- In your opinion, do you think NATURE or NURTURE is the most significant?
- It is my belief that the power of nurture is immensely more influential in shaping a person than nature. Because nature could only provide a formula for a person’s appearance or other physical characteristics. While nurture will contribute to a person’s personality, likes and dislikes, the good and the evil, and ultimately, their moral values. For example, if a child grew up in an abusive family by constantly witnessing domestic violence when he/she grew up, they are likely to become a person of violence themselves or to become an advocate to stop domestic violence. All of these shifts are solely based on their childhood memories. Even though the scenario that they might become a person of violence themselves is more likely to happen, does that mean they are a violent person by nature? I don’t believe so.
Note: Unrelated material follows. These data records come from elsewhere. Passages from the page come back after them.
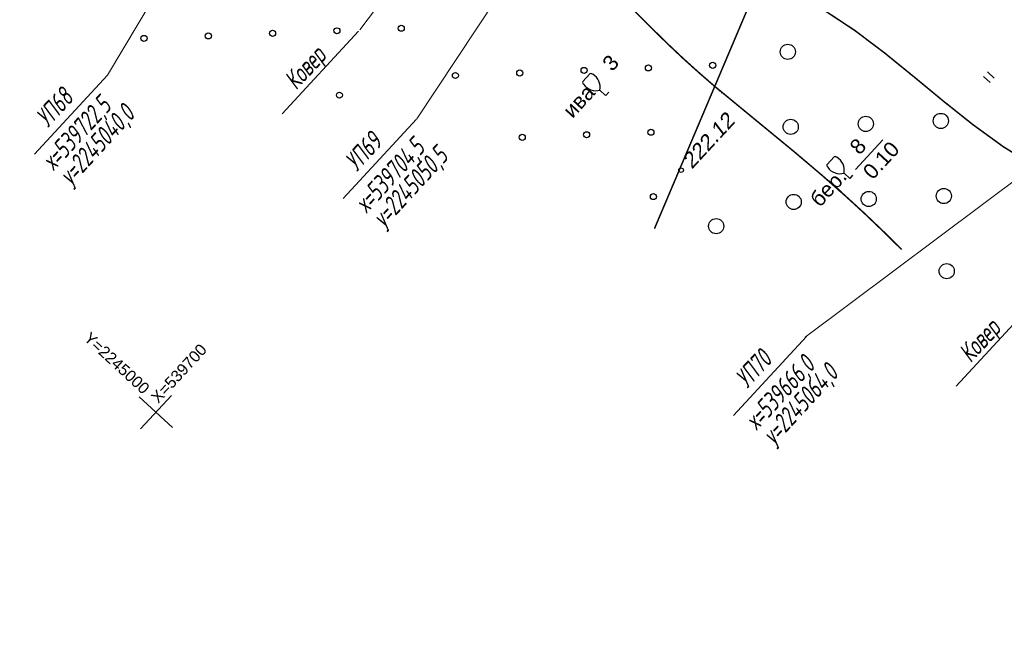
# Model space of a CAD drawing. Header units: millimetres. Extents: x -10 to 1169, y 1 to 1686.
# Tile 41 of 224: x 433 to 498, y 485 to 525. Entities that reach past the tile are written whole.
import ezdxf
from ezdxf.enums import TextEntityAlignment as Align

# ---------------------------------------------------------------- set-up
doc = ezdxf.new("R2010")
doc.units = ezdxf.units.MM
doc.linetypes.add('AHIDDEN1', pattern=[2, 0.5, -1.5])
doc.linetypes.add('CONTI', pattern=[0])
for name, color, linetype in [('CONTURS', 7, 'Continuous'), ('COORDS', 7, 'Continuous'), ('GPR_PICK', 7, 'Continuous'), ('IZOLINES', 32, 'Continuous'), ('PDIGIT', 170, 'Continuous'), ('PICKETS', 7, 'Continuous')]:
    doc.layers.add(name, color=color, linetype=linetype)
doc.styles.add('GPR', font='isocpeui.ttf', dxfattribs={"width": 0.8})
doc.styles.get("Standard").update_dxf_attribs({"font": 'arial.ttf'})

# ---------------------------------------------------------------- blocks, each defined once
blk = doc.blocks.new('401')
at = {"layer": 'CONTURS'}
for p, q in [((0, 0), (0, 1.2)), ((0.8, 0), (0.8, 1.2))]:
    blk.add_line(p, q, dxfattribs=at)
blk = doc.blocks.new('373')
at = {"layer": 'CONTURS'}
blk.add_circle((0, 0), 0.4, dxfattribs=at)
blk = doc.blocks.new('390_2')
at = {"layer": 'CONTURS', "color": 7}
for p, q in [((0.7, 3.47), (-0.69, 3.47)), ((0, 1.06), (0, 0.03)), ((0.02, 0), (0.58, 0))]:
    blk.add_line(p, q, dxfattribs=at)
at = {"layer": 'CONTURS', "color": 7, "linetype": 'Continuous'}
for centre, radius, start, end in [((1.01, 2.72), 1.95, 167.2459, 239.376), ((-19.94, 7.46), 19.52, 347.2459, 347.6983), ((-0.65, 3.26), 0.22, 101.9408, 167.6983), ((-0.69, 3.45), 0.0195, 90, 101.9408), ((-1.01, 2.72), 1.95, 300.624, 12.7541), ((0.65, 3.26), 0.22, 12.3017, 76.9673), ((19.94, 7.46), 19.52, 192.3017, 192.7541)]:
    blk.add_arc(centre, radius, start, end, dxfattribs=at)
blk = doc.blocks.new('372')
at = {"layer": 'CONTURS'}
blk.add_circle((0, 0), 1, dxfattribs=at)

msp = doc.modelspace()

# ---------------------------------------------------------------- linework, layer by layer
at = {"layer": 'CONTURS', "color": 0, "linetype": 'CONTI', "lineweight": 15}
for p, q in [((438.78292, 521.50238), (452.24153, 544.02021)), ((467.42973, 540.3481), (455.41583, 524.49072)), ((459.17456, 518.62782), (472.98884, 539.47038)), ((455.34067, 524.39241), (450.30932, 518.9474)), ((510.29866, 523.32759), (484.7836, 504.24613)), ((433.96618, 516.283), (438.78894, 521.50226)), ((454.33033, 513.37608), (459.15308, 518.59534)), ((499.76303, 506.46064), (494.73168, 501.01563)), ((480.04075, 499.07038), (484.8635, 504.28964))]:
    msp.add_line(p, q, dxfattribs=at)
at = {"layer": 'CONTURS', "linetype": 'AHIDDEN1', "const_width": 0.1, "flags": 128}
msp.add_lwpolyline([(314.80166, 532.01277), (316.73886, 532.48306), (318.67527, 532.95645), (320.61087, 533.43294), (322.54567, 533.91254), (324.47966, 534.39523), (326.41285, 534.88102), (328.34523, 535.36991), (330.27681, 535.8619), (332.20759, 536.35699), (334.13756, 536.85518), (336.21996, 537.43308), (338.29564, 538.07013), (340.36708, 538.74252), (342.43675, 539.42648), (344.50713, 540.09819), (346.5807, 540.73387), (348.65993, 541.30973), (350.74731, 541.80198), (352.84531, 542.18681), (354.9564, 542.44045), (356.80618, 542.52837), (358.66563, 542.49642), (360.53299, 542.37138), (362.40649, 542.18004), (364.28435, 541.9492), (366.16481, 541.70565), (368.04609, 541.47618), (369.92643, 541.28758), (371.80404, 541.16664), (373.67717, 541.14016), (375.34163, 541.20613), (377.00667, 541.33927), (378.67194, 541.52162), (380.33704, 541.73523), (382.00161, 541.96217), (383.66528, 542.18448), (385.32767, 542.38421), (386.9884, 542.54342), (388.6471, 542.64416), (390.3034, 542.66848), (392.97479, 542.52407), (395.6361, 542.18495), (398.28995, 541.69583), (400.93893, 541.10142), (403.58563, 540.44641), (406.23266, 539.77551), (408.88262, 539.13343), (411.5381, 538.56487), (414.20171, 538.11454), (416.87604, 537.82714), (419.16966, 537.75214), (421.48498, 537.82265), (423.81415, 537.9945), (426.14931, 538.2235), (428.4826, 538.46545), (430.80617, 538.67617), (433.11216, 538.81147), (435.39273, 538.82716), (437.64, 538.67905), (439.84614, 538.32296), (441.99683, 537.70493), (444.09218, 536.84084), (446.14612, 535.79118), (448.1726, 534.61647), (450.18555, 533.37721), (452.19894, 532.13391), (454.22669, 530.94707), (456.28276, 529.8772), (458.38108, 528.98481), (460.53561, 528.33041), (462.59042, 527.97893), (464.70208, 527.83971), (466.85487, 527.8572), (469.0331, 527.97586), (471.22107, 528.14015), (473.40308, 528.29453), (475.56344, 528.38346), (477.68645, 528.35138), (479.7564, 528.14277), (481.7576, 527.70208), (483.93959, 526.88106), (486.02587, 525.77396), (488.03954, 524.44624), (490.00371, 522.96336), (491.94149, 521.39077), (493.87599, 519.79392), (495.83032, 518.23827), (497.8276, 516.78927), (499.89092, 515.51237), (502.04341, 514.47304), (504.12695, 513.71053), (506.26424, 513.08026), (508.44534, 512.55709), (510.66032, 512.11589), (512.89924, 511.7315), (515.15217, 511.3788), (517.40916, 511.03263), (519.66028, 510.66786), (521.89559, 510.25935), (524.10517, 509.78195), (528.57351, 508.6529), (533.01459, 507.41252), (537.43551, 506.09021), (541.84338, 504.71538), (546.24529, 503.31741), (550.64836, 501.92571), (555.05968, 500.56968), (559.48636, 499.27873), (563.9355, 498.08224), (568.4142, 497.00963), (571.19497, 496.40947), (573.98359, 495.8419), (576.77882, 495.30199), (579.57942, 494.7848), (582.38414, 494.28539), (585.19175, 493.79885), (588.001, 493.32024), (590.81065, 492.84461), (593.61945, 492.36705), (596.42618, 491.88263), (598.64905, 491.50286), (600.87432, 491.13598), (603.10117, 490.7777), (605.3288, 490.42375), (607.5564, 490.06987), (609.78317, 489.71177), (612.00831, 489.34519), (614.231, 488.96584), (616.45045, 488.56946), (618.66585, 488.15178), (620.44546, 487.7971), (622.22212, 487.42715), (623.99647, 487.04533), (625.7692, 486.65503), (627.54097, 486.25966), (629.31243, 485.8626), (631.08427, 485.46725), (632.85713, 485.07702), (632.99796, 485.04672)], dxfattribs=at)
at = {"layer": 'CONTURS', "linetype": 'AHIDDEN1', "const_width": 0.1}
msp.add_lwpolyline([(481.7576, 527.70208), (474.83774, 511.38385)], dxfattribs=at)
at = {"layer": 'CONTURS'}
msp.add_lwpolyline([(488.09166, 515.29373), (489.88387, 517.23329)], dxfattribs=at)
at = {"layer": 'COORDS', "lineweight": -2}
for p, q in [((440.96206, 498.19612), (442.99804, 500.39949)), ((443.08173, 498.27982), (440.87837, 500.31579))]:
    msp.add_line(p, q, dxfattribs=at)
at = {"layer": 'IZOLINES', "const_width": 0.1}
msp.add_lwpolyline([(491.12903, 510.01589), (489.89331, 511.23748), (488.63461, 512.43502), (487.35322, 513.60791), (485.83342, 514.94507), (485.814, 514.96182), (485.814, 514.96182), (485.81399, 514.96182), (485.81196, 514.96188), (484.08009, 516.42859), (482.32693, 517.86964), (478.86884, 520.71325), (478.86406, 520.71731), (478.85449, 520.72541), (478.8632, 520.71523), (477.79244, 521.64265), (476.74029, 522.59074), (475.70966, 523.56182), (474.6974, 524.55186), (472.69465, 526.55396)], dxfattribs=at)
at = {"layer": 'PICKETS', "color": 7, "lineweight": -2}
msp.add_circle((476.59479, 515.23948), 0.15, dxfattribs=at)

# ---------------------------------------------------------------- block references
at = {"layer": 'CONTURS', "lineweight": -2, "xscale": 0.5, "yscale": 0.5, "zscale": 0.5, "rotation": 47.26113010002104}
for name, p in [('373', (449.67127, 524.25258)), ('373', (453.91061, 524.41997)), ('373', (458.14995, 524.58736)), ('373', (441.1926, 523.91781)), ('373', (445.43194, 524.08519)), ('372', (483.62693, 523.03789)), ('373', (465.95999, 521.64273)), ('373', (470.19932, 521.81012)), ('373', (474.43866, 521.97751)), ('373', (478.678, 522.1449)), ('373', (461.72065, 521.47534)), ('390_2', (471.62715, 520.15674)), ('401', (496.96359, 521.00913)), ('373', (454.078, 520.18063)), ('372', (483.82222, 518.09199)), ('372', (488.76811, 518.28728)), ('372', (493.71401, 518.48257)), ('373', (474.60605, 517.73817)), ('373', (466.12737, 517.40339)), ('373', (470.36671, 517.57078)), ('390_2', (487.72205, 514.68904)), ('372', (488.9634, 513.34139)), ('372', (493.90929, 513.53667)), ('373', (474.77344, 513.49883)), ('372', (484.01751, 513.1461)), ('372', (478.91019, 511.55038)), ('372', (494.10458, 508.59078))]:
    msp.add_blockref(name, p, dxfattribs=at)

# ---------------------------------------------------------------- texts
at = {"layer": 'CONTURS', "lineweight": -2}
for s, p in [('3', (472.04898, 521.68986)), ('ива', (469.43718, 518.60185)), ('8', (488.35153, 516.18905)), ('0.10', (489.22251, 514.55606)), ('бер.', (485.73349, 512.74168))]:
    msp.add_text(s, height=1, rotation=47.2611301, dxfattribs=at).set_placement(p)
at = {"layer": 'COORDS', "lineweight": -2}
for s, rotation, p in [('Y=2245000', 317.2611301, (437.16668, 504.0859)), ('X=539700', 47.2611301, (442.13577, 499.8347))]:
    msp.add_text(s, height=0.75, rotation=rotation, dxfattribs=at).set_placement(p)
at = {"layer": 'GPR_PICK', "style": 'GPR', "width": 0.7}
for s, p in [('Ковер', (452.25479, 521.56929)), ('УП68', (435.74642, 518.95819)), ('х=539722,5', (437.18528, 517.25921)), ('у=2245040,0', (438.52246, 516.50328)), ('УП69', (456.11056, 516.05127)), ('х=539704,5', (457.83328, 514.47878)), ('у=2245050,5', (459.17046, 513.72284)), ('Ковер', (496.71273, 503.60465)), ('УП70', (481.82098, 501.74557)), ('х=539666,0', (483.5437, 500.17308)), ('у=2245064,0', (484.88088, 499.41714))]:
    msp.add_text(s, height=1.25, rotation=47.2611301, dxfattribs=at).set_placement(p, align=Align.CENTER)
at = {"layer": 'PDIGIT', "color": 7, "lineweight": -2, "oblique": 10}
msp.add_text('222.12', height=1, rotation=47.2611301, dxfattribs=at).set_placement((477.30134, 515.26737))

doc.saveas('drawing.dxf')

In a similar analogy, if a person starts to smoke at an early age, you can bet that there is a smoking environment that influences their perception that smoking is of no harm to them. Now, let’s use Canadian swimmer Maggie MacNeil as a positive example. She was an abandoned orphan in a Southern Chinese province of Jiangxi. She was eventually adopted by a white Canadian family. If she was raised in China, I could almost guarantee you that she would not have been a professional swimmer, let alone an Olympics medalist. However, because her foster parents noticed her talents in swimming and her family was fairly financially capable of supporting her. She eventually won a gold medal for the Canadian Olympics swimming team. If that does not speak to the power of nurture, I don’t know what does quite frankly. It is genuinely impressive, don’t you think?
- What were THREE (3) topics discussed in the Genie Wiley clip that you found to be important or interesting?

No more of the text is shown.